Sad, but I do appreciate somebody who knows when they are in over their head.  I have been there.......a lot.


----------



## ICE

A structural observation letter will not take the place of an inspection by the AHJ.  That's for good reasons, starting with the fact that engineers are not inspectors.


----------



## mark handler

ICE said:


> A structural observation letter will not take the place of an inspection by the AHJ.  That's for good reasons, starting with the fact that engineers are not inspectors.


Nor Are Architects


----------



## conarb

ICE said:


> A structural observation letter will not take the place of an inspection by the AHJ.  That's for good reasons, starting with the fact that engineers are not inspectors.


Most just take it and sign the contractor off, I did have one that asked: "What do I do with this?" I said: "Put it in your file and sign me off, we are both protected."  He did.  I had one once who asked at final: "You sure you want me to sign this, have you been paid?"  I said: "No, but I get the last million dollars when you sign me off."  He asked: "Where do I sign."


----------



## ICE

conarb said:


> Most just take it and sign the contractor off, I did have one that asked: "What do I do with this?" I said: "Put it in your file and sign me off, we are both protected."  He did.  I had one once who asked at final: "You sure you want me to sign this, have you been paid?"  I said: "No, but I get the last million dollars when you sign me off."  He asked: "Where do I sign."


If you don't get an inspection you aren't getting your money's worth.  On top of that, you don't know what you missed.


----------



## Phil

This might be of some interest to some of you. The Structural Engineers Association of Northern California has _Guidelines for Special Inspections and Structural Observations_:
http://www.seaonc.org/sites/default/files/article/si_and_so_guidelines-2013_cbc_0.pdf


----------



## Keystone

California is just a different animal all together. 125 pages of plans and shop drawings, with today's day of engineered products I could unfortunately see that. We hired an inspector that was trained in California, when I meet him at the interview his face was in amazement at what we consider acceptable plans & required inspections. It was a double edge sword bringing him onboard, having him tone down the overzealous and finding that balance for his comfort in approvals. We don't work together due to the economy crashing but speak as frequent as possible as we have both learned from one another.

Contractors & Project Managers on the east coast, there would be a slim percentage who could handle working in California.

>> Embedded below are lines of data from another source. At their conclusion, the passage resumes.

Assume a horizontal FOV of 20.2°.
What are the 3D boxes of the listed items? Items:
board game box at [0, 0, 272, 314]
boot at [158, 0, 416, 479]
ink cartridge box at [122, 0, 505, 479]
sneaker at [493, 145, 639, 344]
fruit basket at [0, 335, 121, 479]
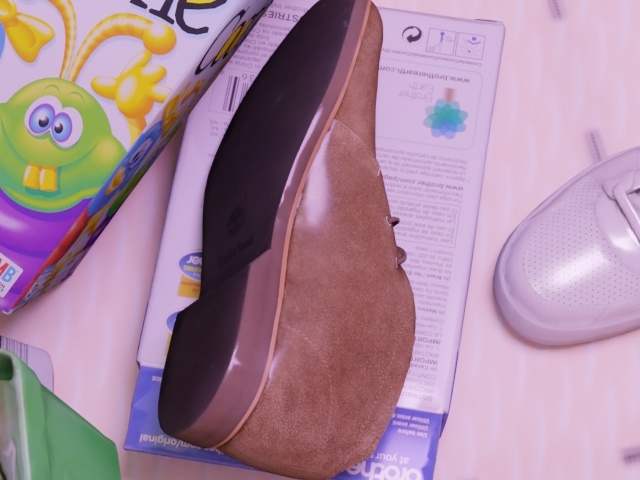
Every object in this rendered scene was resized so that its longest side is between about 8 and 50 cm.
[{"bbox_3d":[-0.133,-0.116,1.015,0.142,0.144,0.275,37,101,0],"label":"board game box"},{"bbox_3d":[0.001,-0.007,1.023,0.115,0.112,0.305,26,60,-23],"label":"boot"},{"bbox_3d":[0.000,0.000,1.086,0.186,0.065,0.311,9,65,3],"label":"ink cartridge box"},{"bbox_3d":[0.237,-0.046,1.053,0.292,0.169,0.108,-26,72,-10],"label":"sneaker"},{"bbox_3d":[-0.248,0.167,0.868,0.165,0.353,0.327,-30,58,33],"label":"fruit basket"}]
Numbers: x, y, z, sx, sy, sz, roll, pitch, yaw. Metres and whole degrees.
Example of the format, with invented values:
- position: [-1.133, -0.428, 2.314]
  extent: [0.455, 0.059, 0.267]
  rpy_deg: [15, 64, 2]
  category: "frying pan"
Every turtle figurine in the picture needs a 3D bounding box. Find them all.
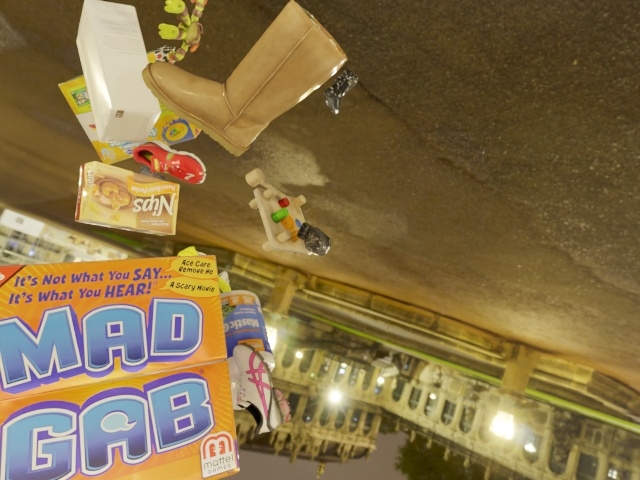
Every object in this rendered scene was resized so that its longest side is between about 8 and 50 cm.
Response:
- position: [-0.405, -0.614, 1.374]
  extent: [0.087, 0.270, 0.217]
  rpy_deg: [32, -169, -4]
  category: "turtle figurine"

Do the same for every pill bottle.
- position: [-0.203, 0.278, 1.178]
  extent: [0.152, 0.272, 0.152]
  rpy_deg: [-15, 147, -10]
  category: "pill bottle"

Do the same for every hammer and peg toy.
- position: [-0.148, -0.121, 1.809]
  extent: [0.127, 0.362, 0.266]
  rpy_deg: [-30, 158, 29]
  category: "hammer and peg toy"

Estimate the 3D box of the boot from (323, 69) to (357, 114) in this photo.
- position: [0.061, -0.426, 1.324]
  extent: [0.045, 0.099, 0.121]
  rpy_deg: [47, 178, 18]
  category: "boot"

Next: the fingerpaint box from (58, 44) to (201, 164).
- position: [-0.793, -0.570, 1.972]
  extent: [0.444, 0.163, 0.371]
  rpy_deg: [-15, 120, 10]
  category: "fingerpaint box"

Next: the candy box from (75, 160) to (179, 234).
- position: [-0.625, -0.129, 1.521]
  extent: [0.087, 0.183, 0.316]
  rpy_deg: [-2, 171, 35]
  category: "candy box"

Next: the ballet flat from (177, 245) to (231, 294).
- position: [-0.323, 0.104, 1.364]
  extent: [0.231, 0.077, 0.077]
  rpy_deg: [43, 145, 2]
  category: "ballet flat"

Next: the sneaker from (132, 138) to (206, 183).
- position: [-0.520, -0.255, 1.573]
  extent: [0.278, 0.107, 0.118]
  rpy_deg: [22, -149, 17]
  category: "sneaker"

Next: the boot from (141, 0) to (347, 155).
- position: [-0.129, -0.300, 0.786]
  extent: [0.269, 0.089, 0.236]
  rpy_deg: [-38, 130, 25]
  category: "boot"

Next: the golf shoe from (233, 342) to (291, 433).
- position: [-0.135, 0.291, 0.922]
  extent: [0.186, 0.085, 0.067]
  rpy_deg: [55, 142, 23]
  category: "golf shoe"

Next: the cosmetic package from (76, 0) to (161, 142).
- position: [-0.652, -0.530, 1.476]
  extent: [0.156, 0.385, 0.217]
  rpy_deg: [-12, 171, -37]
  category: "cosmetic package"

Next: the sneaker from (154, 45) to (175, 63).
- position: [-0.518, -0.592, 1.540]
  extent: [0.068, 0.170, 0.071]
  rpy_deg: [-5, 141, -2]
  category: "sneaker"

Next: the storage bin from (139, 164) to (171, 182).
- position: [-0.719, -0.242, 1.957]
  extent: [0.135, 0.091, 0.098]
  rpy_deg: [32, 161, -16]
  category: "storage bin"

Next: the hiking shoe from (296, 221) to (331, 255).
- position: [0.000, 0.000, 1.634]
  extent: [0.114, 0.086, 0.227]
  rpy_deg: [23, -168, -25]
  category: "hiking shoe"

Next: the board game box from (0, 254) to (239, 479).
- position: [-0.390, 0.240, 0.806]
  extent: [0.356, 0.357, 0.356]
  rpy_deg: [-2, 169, -33]
  category: "board game box"
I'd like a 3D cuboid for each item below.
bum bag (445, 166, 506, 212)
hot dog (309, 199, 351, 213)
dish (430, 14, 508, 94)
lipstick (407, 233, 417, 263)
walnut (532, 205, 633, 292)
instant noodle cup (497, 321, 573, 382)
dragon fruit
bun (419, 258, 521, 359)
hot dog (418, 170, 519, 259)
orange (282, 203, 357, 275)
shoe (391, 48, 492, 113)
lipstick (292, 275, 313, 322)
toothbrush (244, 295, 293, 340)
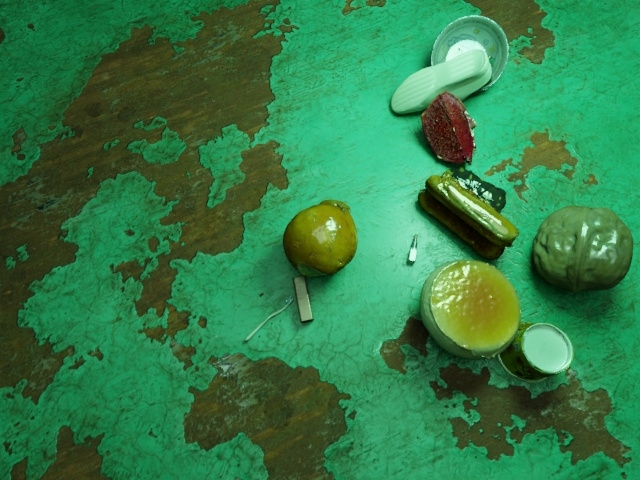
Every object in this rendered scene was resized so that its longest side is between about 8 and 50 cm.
[{"bbox_3d":[0.534,-0.181,1.408,0.232,0.060,0.107,38,67,12],"label":"bum bag"},{"bbox_3d":[0.034,-0.103,1.403,0.140,0.060,0.090,11,67,10],"label":"hot dog"},{"bbox_3d":[0.559,-0.689,1.551,0.273,0.134,0.274,3,103,14],"label":"dish"},{"bbox_3d":[0.313,0.025,1.364,0.025,0.025,0.107,13,65,7],"label":"lipstick"},{"bbox_3d":[0.789,0.026,1.234,0.272,0.227,0.274,-1,76,2],"label":"walnut"},{"bbox_3d":[0.627,0.317,1.181,0.182,0.144,0.182,-1,70,3],"label":"instant noodle cup"},{"bbox_3d":[0.466,-0.395,1.459,0.161,0.126,0.274,-34,103,-37],"label":"dragon fruit"},{"bbox_3d":[0.434,0.211,1.217,0.298,0.165,0.299,1,67,-3],"label":"bun"},{"bbox_3d":[0.481,-0.088,1.333,0.349,0.158,0.117,42,59,19],"label":"hot dog"},{"bbox_3d":[0.000,0.000,1.278,0.239,0.240,0.240,-1,70,2],"label":"orange"},{"bbox_3d":[0.445,-0.552,1.488,0.362,0.160,0.132,-17,72,36],"label":"shoe"},{"bbox_3d":[-0.057,0.189,1.311,0.045,0.045,0.146,-10,69,-4],"label":"lipstick"},{"bbox_3d":[-0.163,0.253,1.308,0.204,0.017,0.022,-42,84,-12],"label":"toothbrush"}]
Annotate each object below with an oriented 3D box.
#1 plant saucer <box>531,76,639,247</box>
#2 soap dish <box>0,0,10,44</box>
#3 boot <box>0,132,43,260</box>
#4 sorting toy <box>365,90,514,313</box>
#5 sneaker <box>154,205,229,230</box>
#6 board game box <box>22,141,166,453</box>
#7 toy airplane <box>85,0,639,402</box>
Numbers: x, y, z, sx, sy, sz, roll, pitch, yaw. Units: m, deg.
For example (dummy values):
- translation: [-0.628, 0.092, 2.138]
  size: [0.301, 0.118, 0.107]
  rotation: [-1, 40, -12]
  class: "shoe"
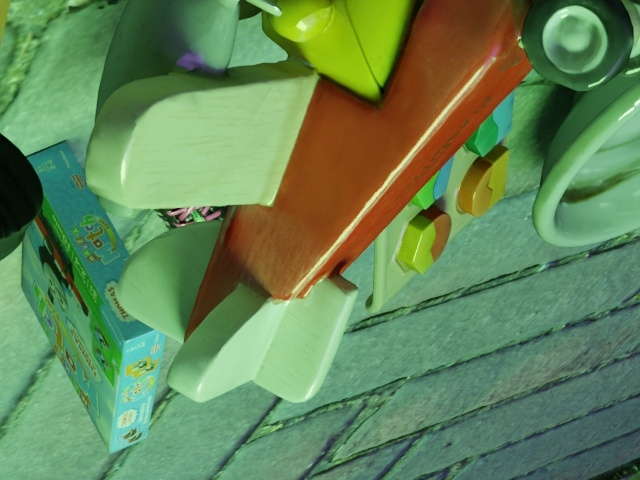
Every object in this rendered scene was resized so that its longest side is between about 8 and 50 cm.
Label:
- translation: [0.355, -0.148, 1.806]
  size: [0.400, 0.100, 0.400]
  rotation: [-28, 161, -11]
  class: "plant saucer"
- translation: [-0.201, -0.168, 0.700]
  size: [0.229, 0.118, 0.291]
  rotation: [-1, 108, -58]
  class: "soap dish"
- translation: [-0.354, 0.063, 1.199]
  size: [0.348, 0.131, 0.260]
  rotation: [-13, 153, -44]
  class: "boot"
- translation: [0.111, -0.053, 1.606]
  size: [0.193, 0.038, 0.208]
  rotation: [-42, 153, -35]
  class: "sorting toy"
- translation: [-0.097, -0.025, 1.457]
  size: [0.063, 0.075, 0.170]
  rotation: [-32, 160, -1]
  class: "sneaker"
- translation: [-0.171, 0.048, 1.394]
  size: [0.039, 0.160, 0.211]
  rotation: [-24, 159, -19]
  class: "board game box"
- translation: [-0.008, -0.092, 1.139]
  size: [0.384, 0.272, 0.386]
  rotation: [-39, 170, -22]
  class: "toy airplane"
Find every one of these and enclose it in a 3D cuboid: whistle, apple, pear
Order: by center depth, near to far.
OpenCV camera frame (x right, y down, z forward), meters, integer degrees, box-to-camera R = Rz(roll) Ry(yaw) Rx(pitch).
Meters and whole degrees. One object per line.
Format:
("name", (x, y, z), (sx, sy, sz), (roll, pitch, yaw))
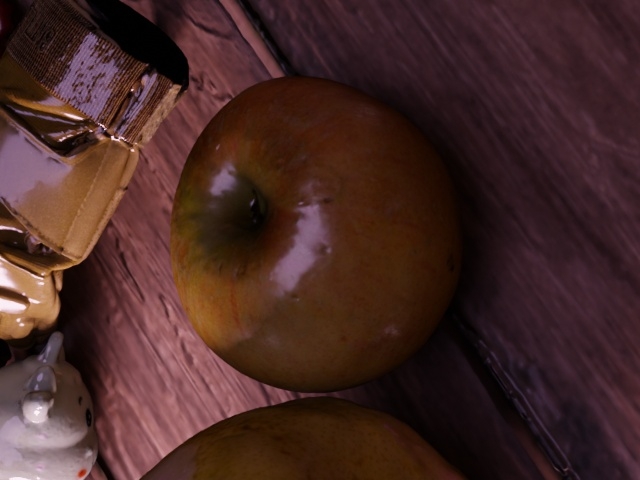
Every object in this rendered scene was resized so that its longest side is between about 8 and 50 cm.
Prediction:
("pear", (-0.020, 0.226, 1.089), (0.271, 0.271, 0.271), (3, 95, 30))
("apple", (0.000, 0.000, 1.117), (0.182, 0.155, 0.182), (-11, 72, 37))
("whistle", (-0.206, 0.179, 1.279), (0.106, 0.102, 0.253), (23, 103, 24))

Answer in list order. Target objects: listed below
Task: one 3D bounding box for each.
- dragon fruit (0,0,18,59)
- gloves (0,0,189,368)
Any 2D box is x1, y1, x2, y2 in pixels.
("dragon fruit", (-0.285, -0.144, 1.319), (0.127, 0.121, 0.161), (-29, 56, 59))
("gloves", (-0.215, -0.016, 1.233), (0.154, 0.141, 0.331), (38, 109, -3))
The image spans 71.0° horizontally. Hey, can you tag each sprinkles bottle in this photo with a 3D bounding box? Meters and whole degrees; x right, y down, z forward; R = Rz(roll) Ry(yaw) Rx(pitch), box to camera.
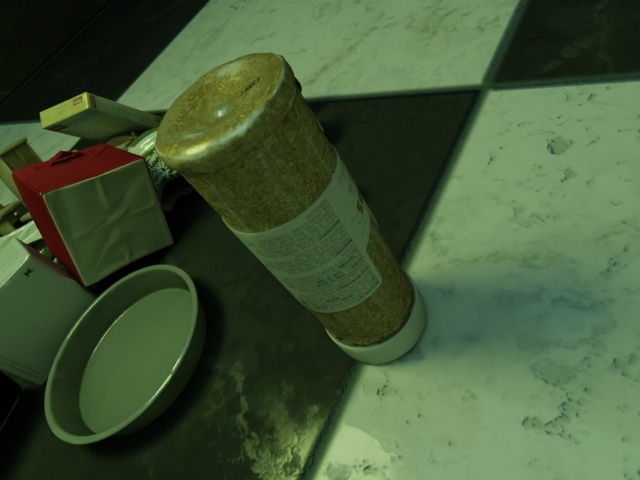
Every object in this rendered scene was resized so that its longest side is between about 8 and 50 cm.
[{"bbox_3d":[0.000,0.000,0.447,0.121,0.355,0.121,-17,47,20],"label":"sprinkles bottle"}]

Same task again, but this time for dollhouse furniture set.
[{"bbox_3d":[-0.605,-0.195,1.079,0.355,0.174,0.303,-18,31,19],"label":"dollhouse furniture set"}]

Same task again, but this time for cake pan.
[{"bbox_3d":[-0.301,0.174,0.712,0.293,0.054,0.293,-17,46,19],"label":"cake pan"}]

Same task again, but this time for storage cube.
[{"bbox_3d":[-0.426,-0.059,0.850,0.183,0.215,0.193,-31,36,-34],"label":"storage cube"}]

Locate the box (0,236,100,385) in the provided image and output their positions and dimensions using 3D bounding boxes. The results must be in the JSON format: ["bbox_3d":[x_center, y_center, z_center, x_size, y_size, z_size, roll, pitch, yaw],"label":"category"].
[{"bbox_3d":[-0.522,0.126,0.801,0.119,0.181,0.182,21,67,43],"label":"box"}]

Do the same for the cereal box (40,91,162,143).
[{"bbox_3d":[-0.562,-0.308,1.171,0.173,0.240,0.047,-11,85,24],"label":"cereal box"}]

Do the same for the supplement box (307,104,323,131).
[{"bbox_3d":[-0.110,-0.163,0.828,0.233,0.080,0.078,-38,10,-6],"label":"supplement box"}]

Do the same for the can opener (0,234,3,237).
[{"bbox_3d":[-0.856,-0.015,1.198,0.283,0.095,0.076,26,70,43],"label":"can opener"}]

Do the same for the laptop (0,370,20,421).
[{"bbox_3d":[-0.628,0.328,0.730,0.264,0.136,0.234,-8,50,27],"label":"laptop"}]

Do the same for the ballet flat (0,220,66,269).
[{"bbox_3d":[-0.645,0.037,1.010,0.400,0.139,0.139,-29,44,7],"label":"ballet flat"}]

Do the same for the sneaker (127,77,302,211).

Yes, there are Third Party & Municipalities that make the process of building much more difficult than it needs to be. Heck, I've heard of a few inspectors that actually competed to see who could generate the largest failed inspection list. Those type of people do not belong in the industry but as with any profession you have issues and they were reported to the state.


----------



## conarb

Keystone said:
			
		

> California is just a different animal all together.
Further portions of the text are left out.